_AIM OF THE EXERCISE_
Determine the number of lines in the listing below that hold the word "agent". Write the number alone.

_RECORD EXTRACTS_
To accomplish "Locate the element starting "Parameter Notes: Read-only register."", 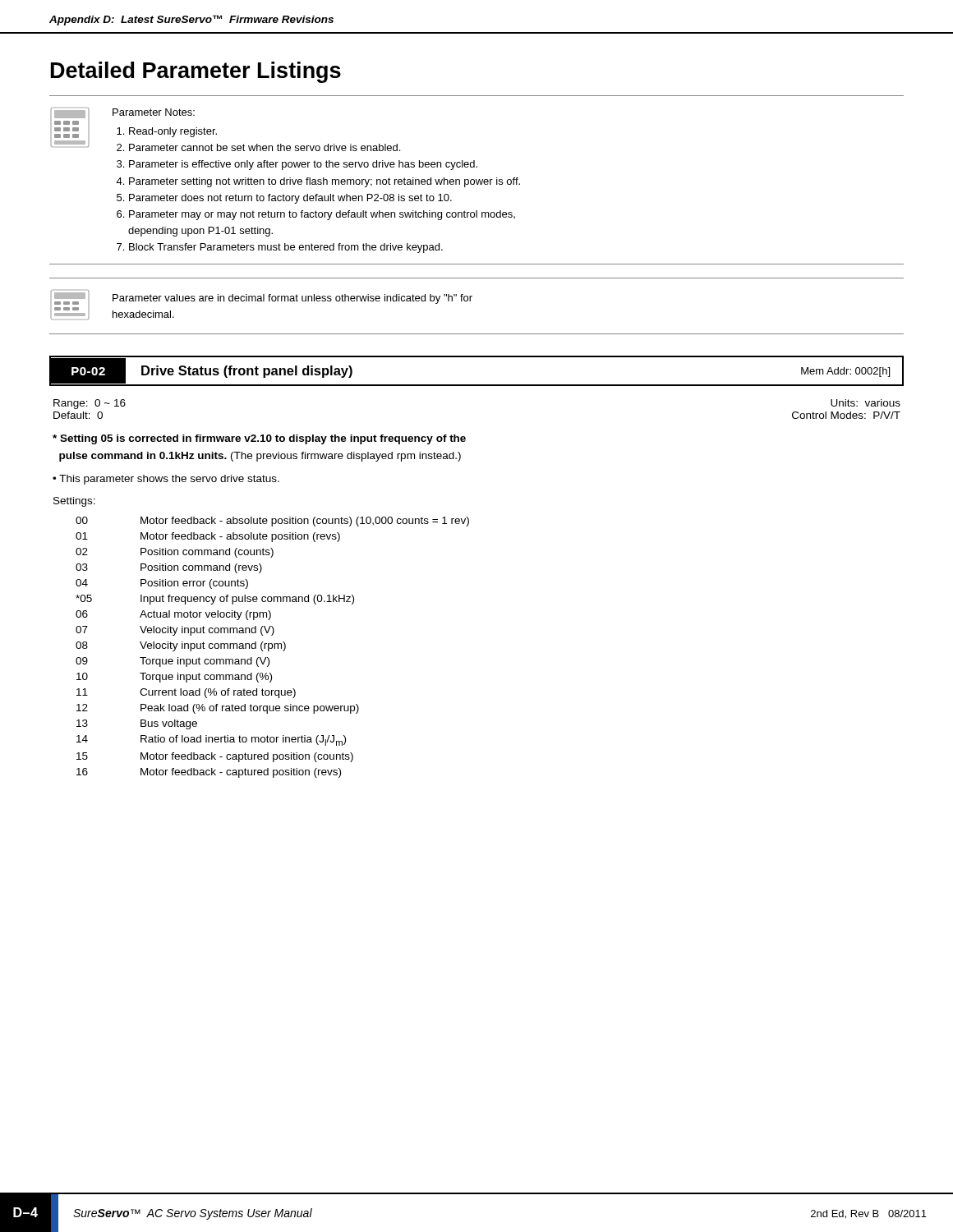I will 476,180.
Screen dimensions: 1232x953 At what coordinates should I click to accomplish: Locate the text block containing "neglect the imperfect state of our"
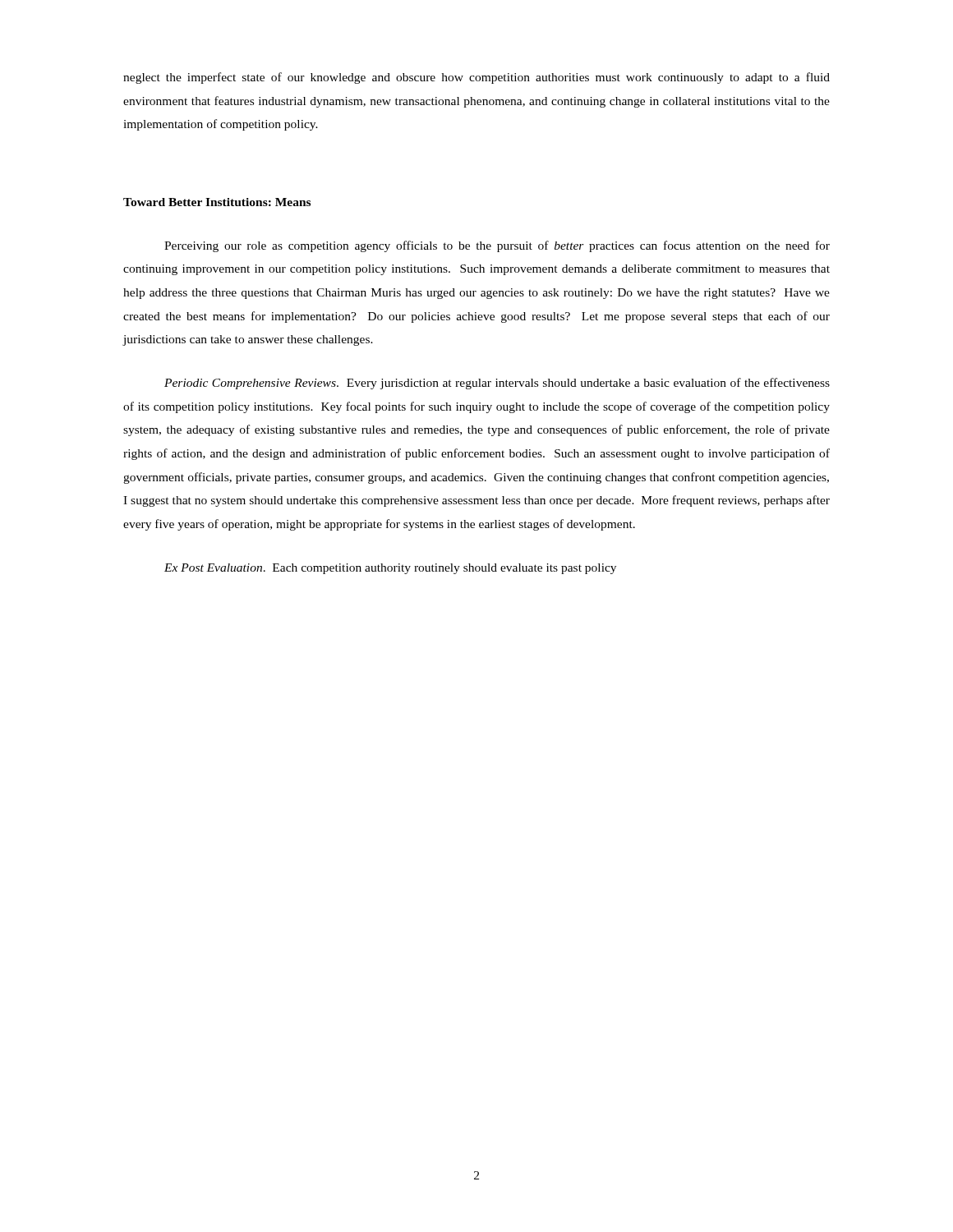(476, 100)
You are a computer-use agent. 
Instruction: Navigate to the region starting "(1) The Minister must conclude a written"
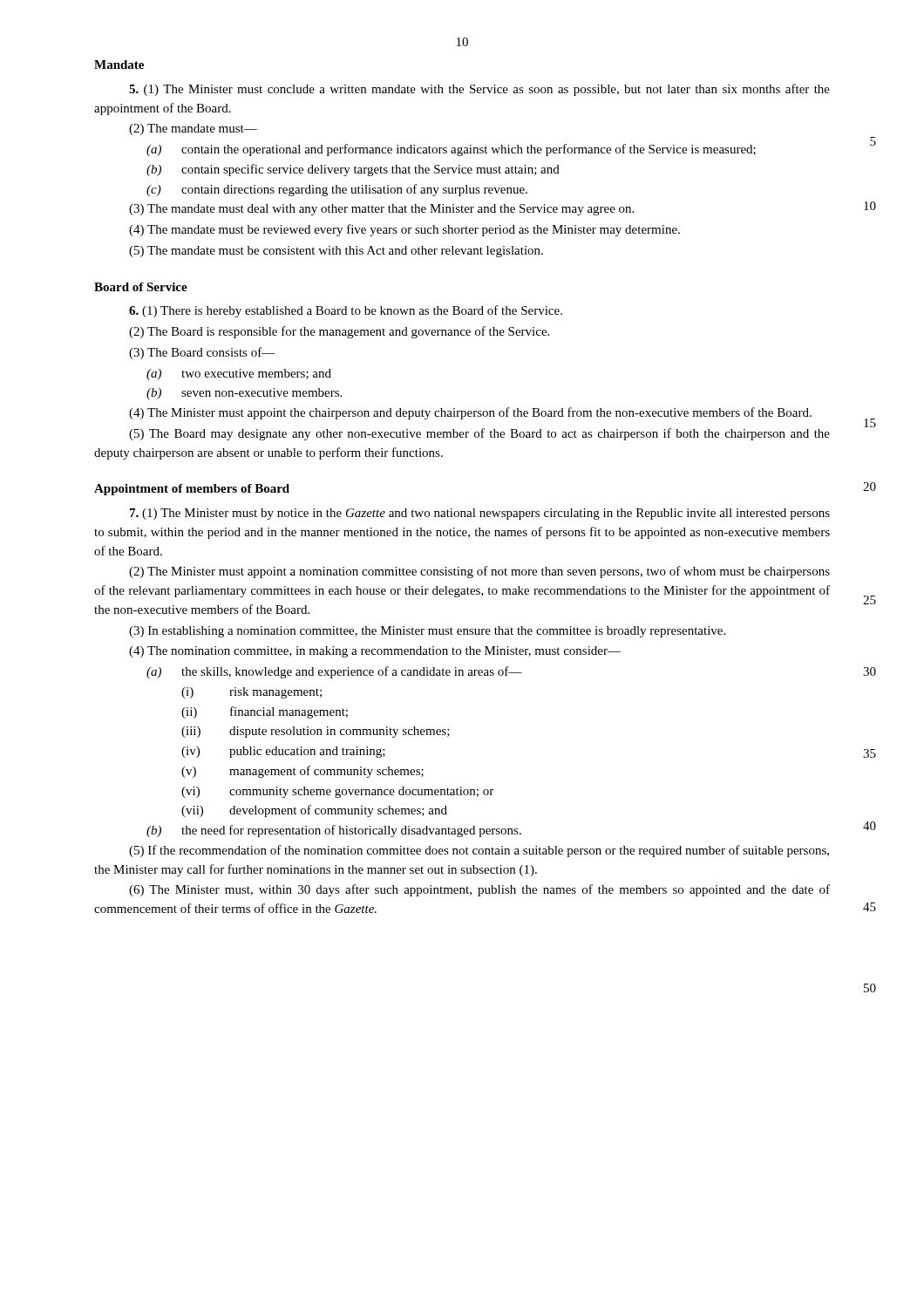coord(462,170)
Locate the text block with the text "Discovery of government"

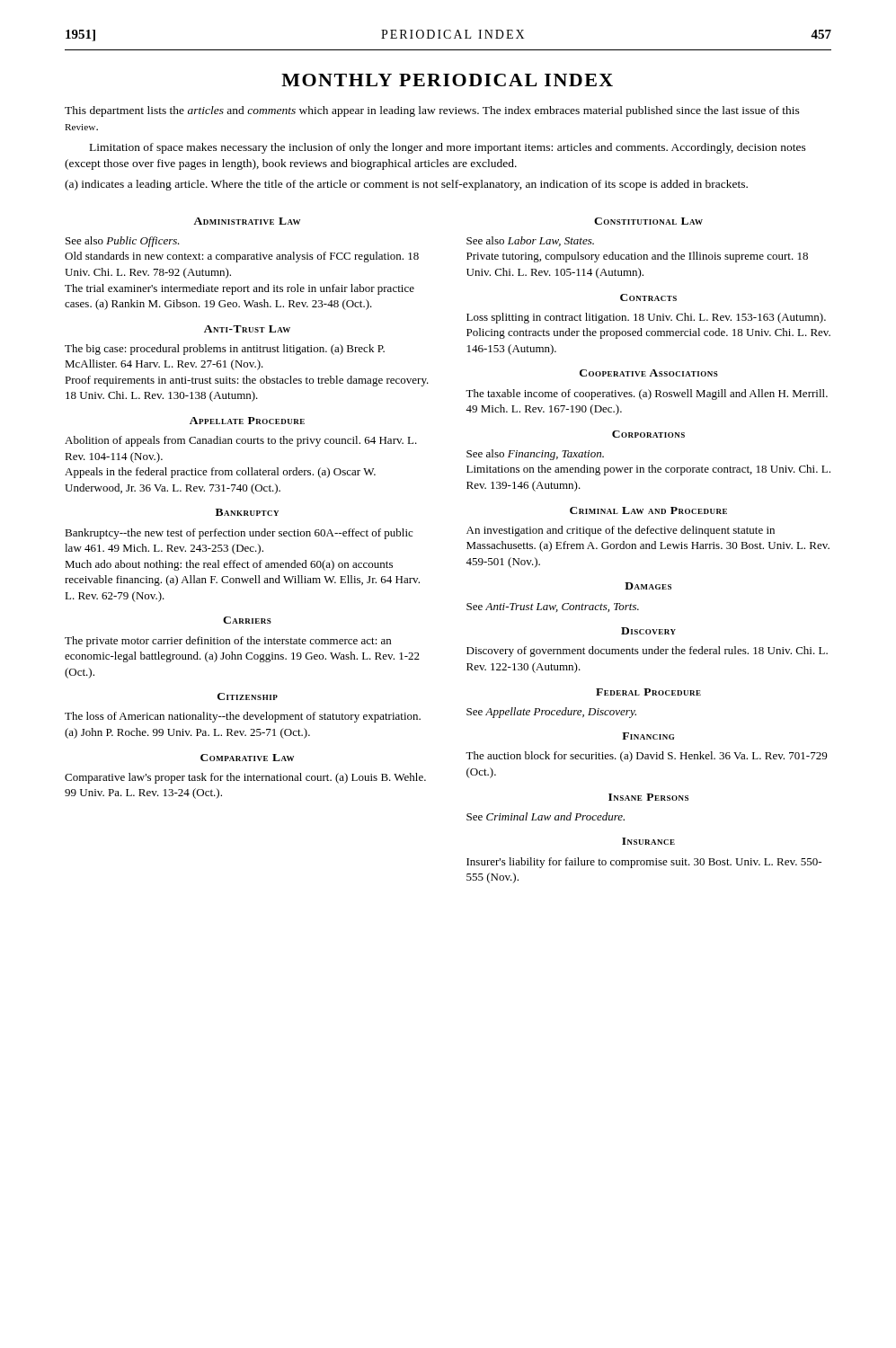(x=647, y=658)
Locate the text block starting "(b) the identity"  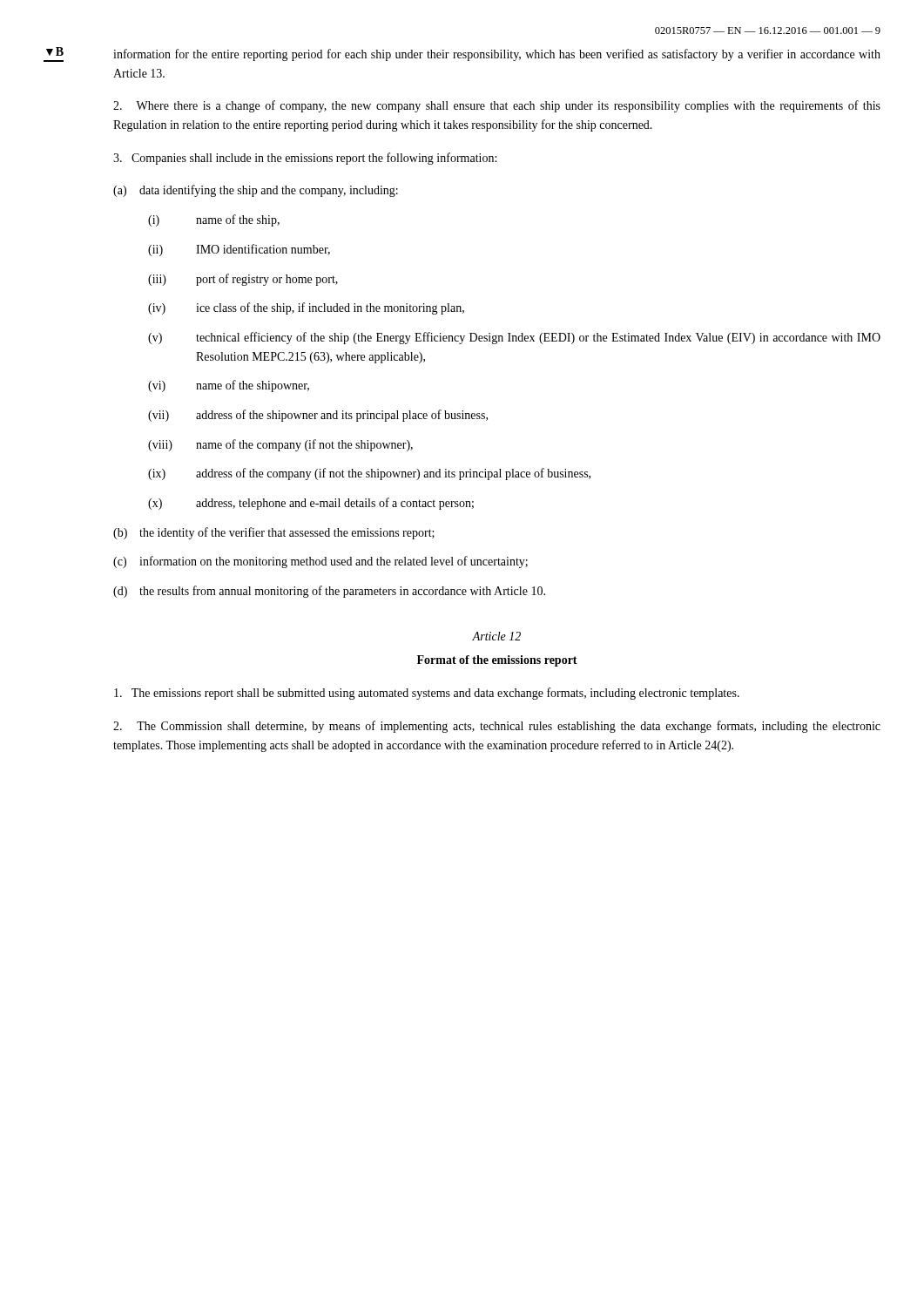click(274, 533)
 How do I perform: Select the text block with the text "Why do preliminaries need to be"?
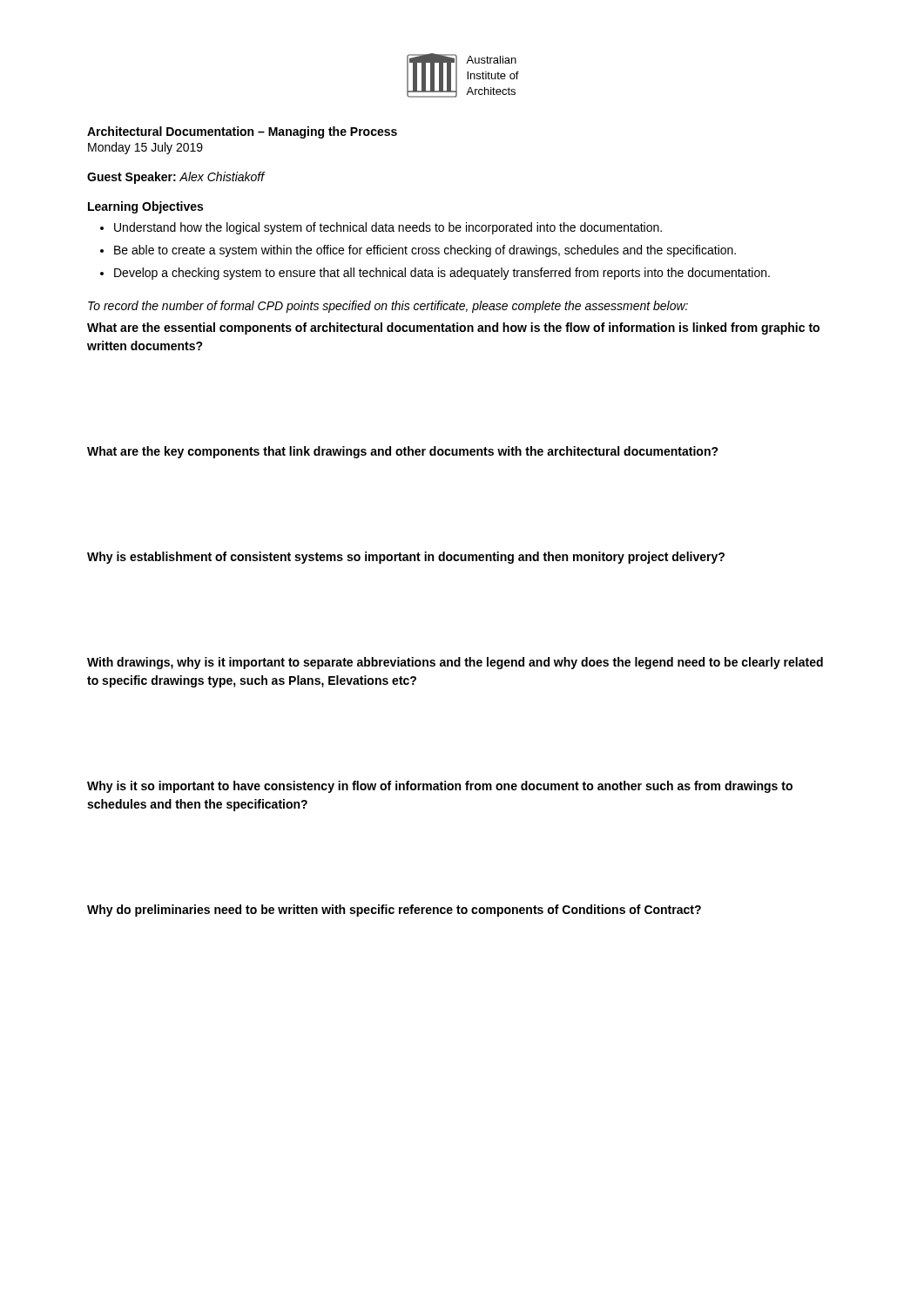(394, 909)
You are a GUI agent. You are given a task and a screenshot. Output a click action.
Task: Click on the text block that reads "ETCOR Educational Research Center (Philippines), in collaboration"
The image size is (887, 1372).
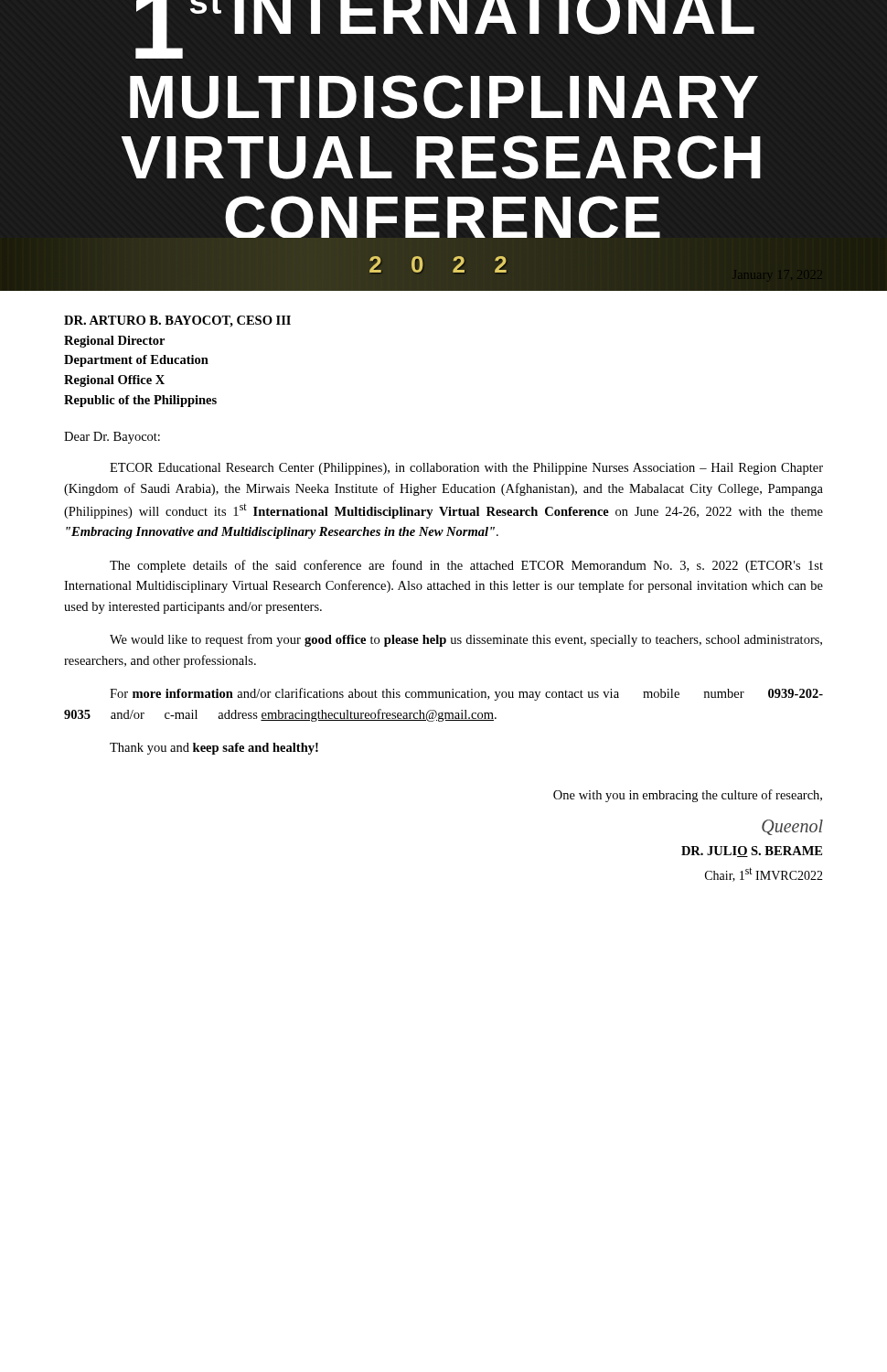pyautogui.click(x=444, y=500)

_ANSWER BELOW_
2